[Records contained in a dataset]
*****
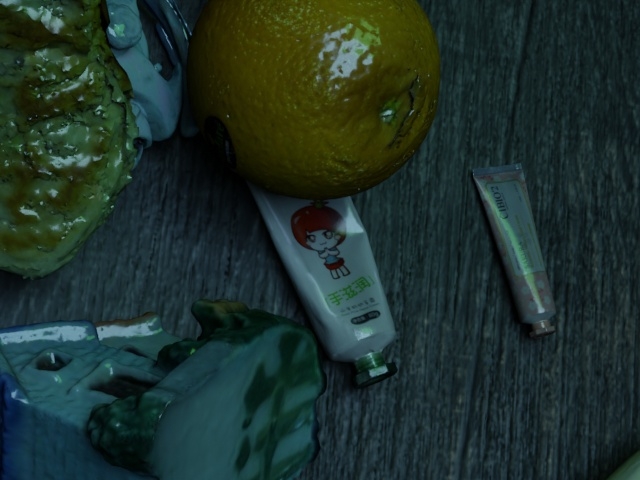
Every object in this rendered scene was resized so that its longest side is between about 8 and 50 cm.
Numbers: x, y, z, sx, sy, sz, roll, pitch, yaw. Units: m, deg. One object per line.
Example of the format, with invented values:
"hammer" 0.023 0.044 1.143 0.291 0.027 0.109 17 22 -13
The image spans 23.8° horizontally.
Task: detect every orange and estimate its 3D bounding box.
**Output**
"orange" -0.004 -0.171 1.580 0.274 0.274 0.274 5 76 -19

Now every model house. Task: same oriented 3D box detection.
"model house" -0.207 0.159 1.457 0.295 0.329 0.252 -40 137 -51

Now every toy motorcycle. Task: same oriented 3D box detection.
"toy motorcycle" -0.223 -0.205 1.608 0.206 0.154 0.260 -30 94 -45

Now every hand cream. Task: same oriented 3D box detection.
"hand cream" 0.000 0.000 1.683 0.121 0.076 0.336 -16 77 -24
"hand cream" 0.233 0.010 1.772 0.067 0.043 0.210 -9 75 -21

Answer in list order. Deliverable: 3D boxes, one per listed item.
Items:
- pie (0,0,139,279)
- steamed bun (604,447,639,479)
"pie" -0.367 -0.173 1.459 0.395 0.180 0.418 9 107 7
"steamed bun" 0.419 0.342 1.697 0.200 0.155 0.250 -36 85 -26
*****
### TASK TO CARRY OUT
Leave out the pictures and copy every record above exactly.

### ANSWER SPACE
Every object in this rendered scene was resized so that its longest side is between about 8 and 50 cm.
Numbers: x, y, z, sx, sy, sz, roll, pitch, yaw. Units: m, deg. One object per line.
Example of the format, with invented values:
"hammer" 0.023 0.044 1.143 0.291 0.027 0.109 17 22 -13
The image spans 23.8° horizontally.
Task: detect every orange and estimate its 3D bounding box.
**Output**
"orange" -0.004 -0.171 1.580 0.274 0.274 0.274 5 76 -19

Now every model house. Task: same oriented 3D box detection.
"model house" -0.207 0.159 1.457 0.295 0.329 0.252 -40 137 -51

Now every toy motorcycle. Task: same oriented 3D box detection.
"toy motorcycle" -0.223 -0.205 1.608 0.206 0.154 0.260 -30 94 -45

Now every hand cream. Task: same oriented 3D box detection.
"hand cream" 0.000 0.000 1.683 0.121 0.076 0.336 -16 77 -24
"hand cream" 0.233 0.010 1.772 0.067 0.043 0.210 -9 75 -21

Answer in list order. Deliverable: 3D boxes, one per listed item.
Items:
- pie (0,0,139,279)
- steamed bun (604,447,639,479)
"pie" -0.367 -0.173 1.459 0.395 0.180 0.418 9 107 7
"steamed bun" 0.419 0.342 1.697 0.200 0.155 0.250 -36 85 -26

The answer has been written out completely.